Election season is here and it’s time to research and prepare to vote, if you haven’t voted by mail already.
We will be bombarded by campaign mailers, television commercials, and yes, even newspaper editorials. All hoping to convince us to vote a specific way. When our landlines ring – which they rarely do these days, nine times out of ten they will be robocalls…recorded messages touting the merits of one candidate or initiative. I’ve never understood the effectiveness of those calls. I know as soon as I hear an automated message I hang-up. Actually these days I don’t even answer the house phone. Honestly, I can’t even remember the number, and don’t know if we actually have an actual landline phone.

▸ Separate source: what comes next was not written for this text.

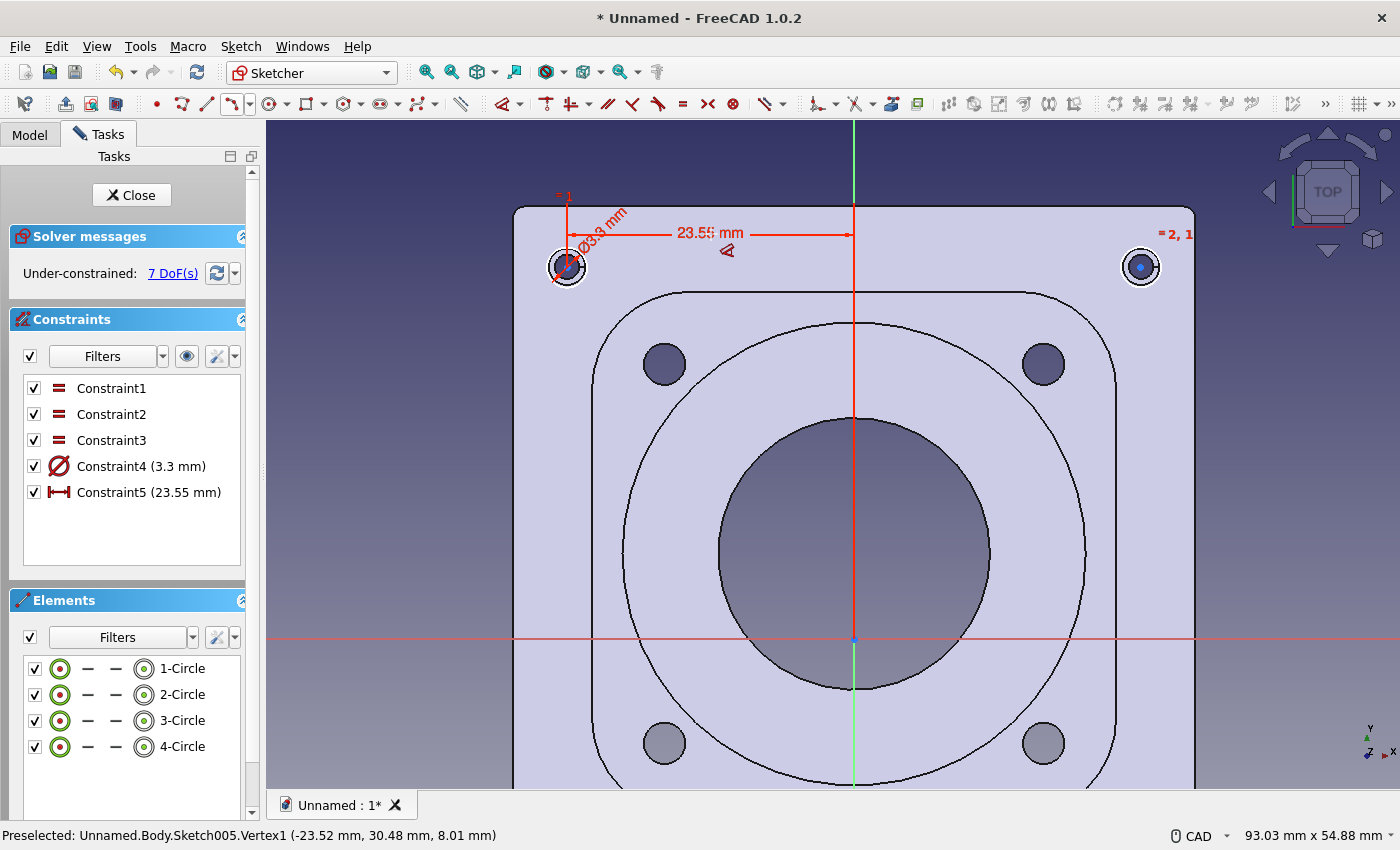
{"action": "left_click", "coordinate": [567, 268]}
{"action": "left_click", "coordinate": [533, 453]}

There will be misleading information. Lies. Half-truths. And obfuscation of facts. For example, an independent group hoping to sway your vote in the close race for State Superintendent of Public Instruction for Tom Torlakson over Marshall Tuck, calls Tuck’s education reform supporters “Wall Street.” They even created an online campaign “Marshall Tuck for Wall Street” to convince voters that he’s for “Wall Street’ not for our “kids”. By “Wall Street” I assume they mean Tuck’s Harvard Business School degree or the fact that his campaign is supported by businessmen like education reformer Eli Broad, who has over the years invested much of his own money in public charter school initiatives in an effort to promote new ideas in an education system that hasn’t worked for so many of California’s children. Wall Street is far from the truth. Tuck has led public charter schools in Los Angeles since 2002 and has been lauded for his ability to turn around high-poverty, low-performing schools.
While amused by the creativity that went into the creation of the campaign, I’m offended by its dishonesty.
Then there is Proposition 45, the initiative that will, if passed, impose on the health insurance rates of small employers the same rate regulation system that was imposed on the automobile and homeowners insurance industries. Proponents argue that the initiative is the only logical way to keep the cost of individual health insurance from growing out of control, while opponents believe it will give the elected insurance commissioner too much power. Of course, that is what we have elected an insurance commissioner to do. As it stands, the office of the Department of Insurance and the Department of Managed Health Care can review proposed rate increases, but cannot deny them. The monetary support for this initiative is also lop-sided. The opposition group, which includes hospitals, health plans, and physicians groups, has raised almost $38 million while the consumer advocate group leading the initiative has raised only about $6 million.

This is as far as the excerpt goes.